A new building intended to house staff of the Whistler Mountain Ski Club (WMSC) is moving ahead after council gave a related rezoning first two readings at its Feb. 4 meeting.

The four-unit building (two three-bedroom and two two-bedroom units) to be constructed next to the existing WMSC club house at 2028 Rob Boyd Way will also include common storage, laundry and parking.

While intended to house seasonal ski club staff first and foremost, it will also be able to house other employees as necessary.

Resort Municipality of Whistler staff is proposing a maximum rent of $1,200 per bedroom.

The rezoning would effectively remove the property from the existing Commercial Core Two zoning it shares with other Creekside Village properties and replace it with a new site specific zone (Leisure Recreation Eleven).

Amendments introduced by Councillor Duane Jackson and supported by council directed staff to slightly increase the allowable gross floor area (to the equivalent of .25 floor space ratio) and to vary the setback to include covered walkways.

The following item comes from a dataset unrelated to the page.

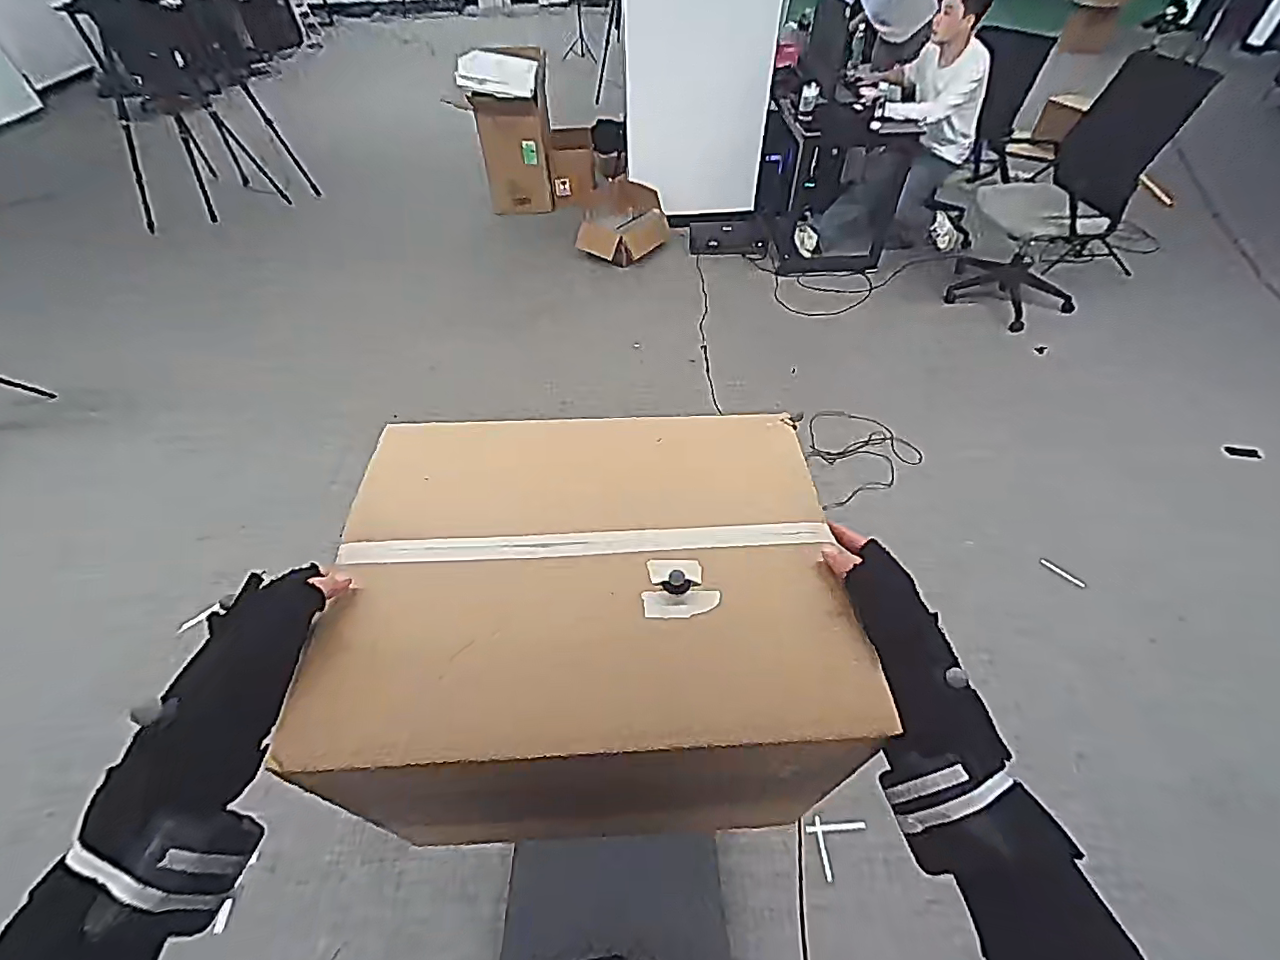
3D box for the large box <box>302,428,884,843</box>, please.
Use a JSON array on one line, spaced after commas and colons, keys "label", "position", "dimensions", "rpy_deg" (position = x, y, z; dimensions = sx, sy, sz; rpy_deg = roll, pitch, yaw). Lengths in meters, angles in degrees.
[{"label": "large box", "position": [-0.040, 0.163, 0.572], "dimensions": [0.408, 0.320, 0.320], "rpy_deg": [-1, 49, -3]}]

Jackson's concern in looking at the designs was that there's not much extra room to account for storage, and the project's upcoming appearance at the municipal Advisory Design Panel could halt its progress.

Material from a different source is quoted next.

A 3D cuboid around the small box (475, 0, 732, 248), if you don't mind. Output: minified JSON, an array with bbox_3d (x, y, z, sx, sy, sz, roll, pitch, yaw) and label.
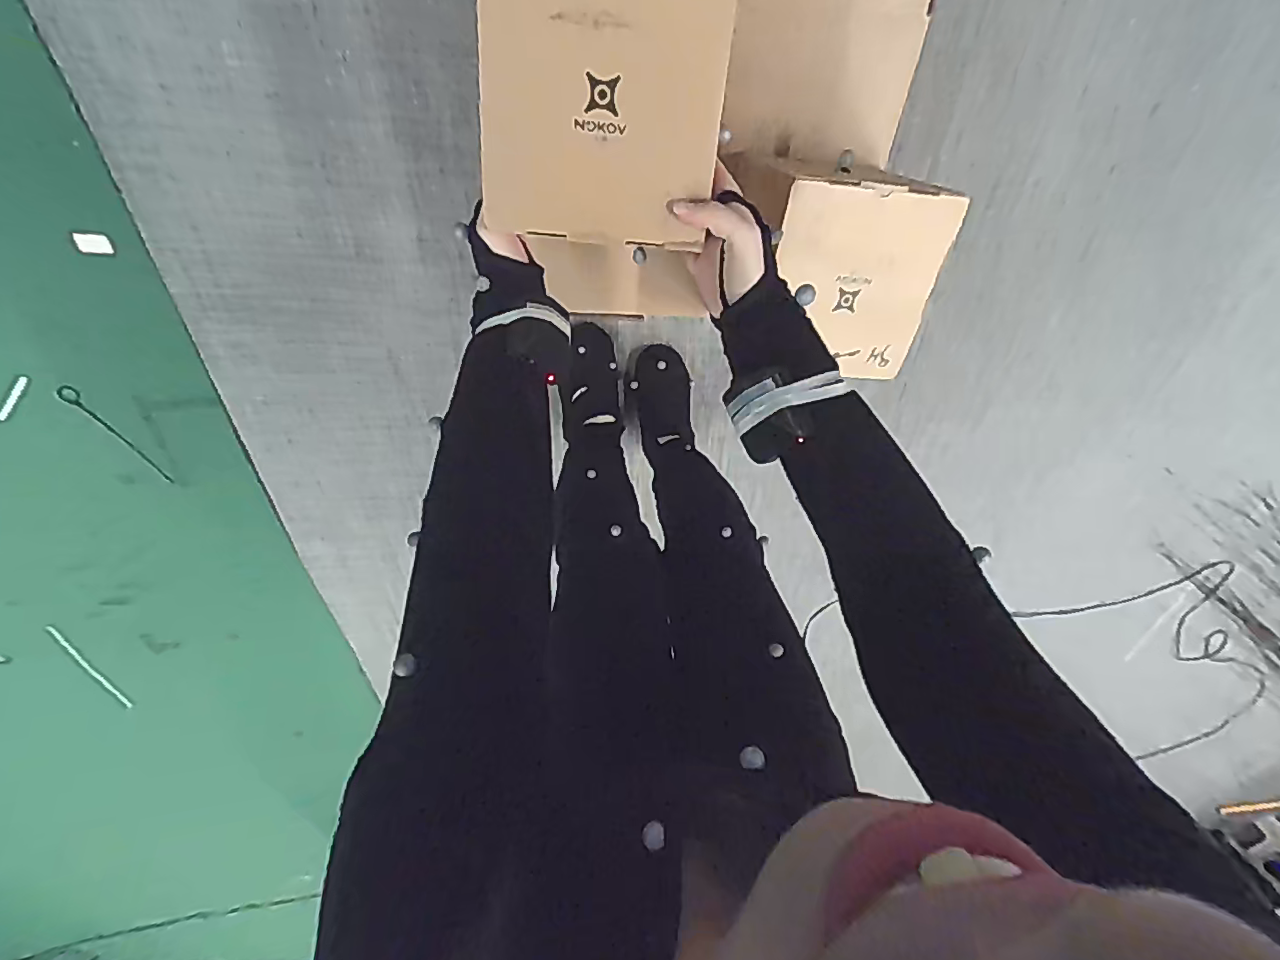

"If it goes to design panel and the design panel says, 'gee, I think it needs a bit more balance and more living space for people to live, and more dining space and kitchen space or storage space,' and the applicant finds that, 'Gee, we can't achieve that, we have to go back for more area,' we'll be looking at this again," Jackson said.

"So I'm not saying they have to do it—they are fine to allocate whatever they can afford, or phase it—I'm just saying we should give it a bit more runway."

A public hearing will follow.

The project is one of seven rezoning proposals received from private developers following an initiative from the Mayor's Task Force on Resident Housing.

Meanwhile, a subdivision application seeking to provide infill housing on Emerald Drive was also back before council on Feb. 4.

The application proposes subdividing one lot at 9391 Emerald Dr. into two, creating a new employee housing lot.

The plan is to build a new employee-restricted detached dwelling on the new parcel of land, with potential for an auxiliary dwelling unit as well.

"This proposal provides employee housing by a private property owner in an existing neighbourhood, without detracting from the character of Emerald, to increase the inventory of employee housing, at no cost to our community," said planner Stephanie Johnson, in a presentation to council.

A housing agreement bylaw setting out occupancy and price restrictions was required prior to a development variance permit being issued, which brought the application back in front of council.

The housing agreement bylaw—which received first three readings at the meeting—sets the initial maximum rent at $2.90 per square foot (or $1,000 per bedroom for a shared living arrangement) and restricts occupancy to Whistler Housing Authority-eligible employees.

The bylaw also "provides for various development scenarios," Johnson said, and addresses both owner-occupied employee units and rental occupancy.

Should the bylaw be adopted, the housing agreement would be registered on title by a covenant (a separate covenant restricting building envelopes to the forward portion of the properties, as well as preserving tree preservation zones, would also be added).

"By registering the housing agreement on title, full disclosure would be made to any future purchaser about the employee occupancy requirements, the rental rates, and retail price appreciation restrictions," Johnson said.

Council last deliberated the proposal on Feb. 26, 2019, approving a development permit application for the project provided one of the lots is kept for employee housing (see Pique, March 1, 2019: "Whistler council gets philosophical on housing").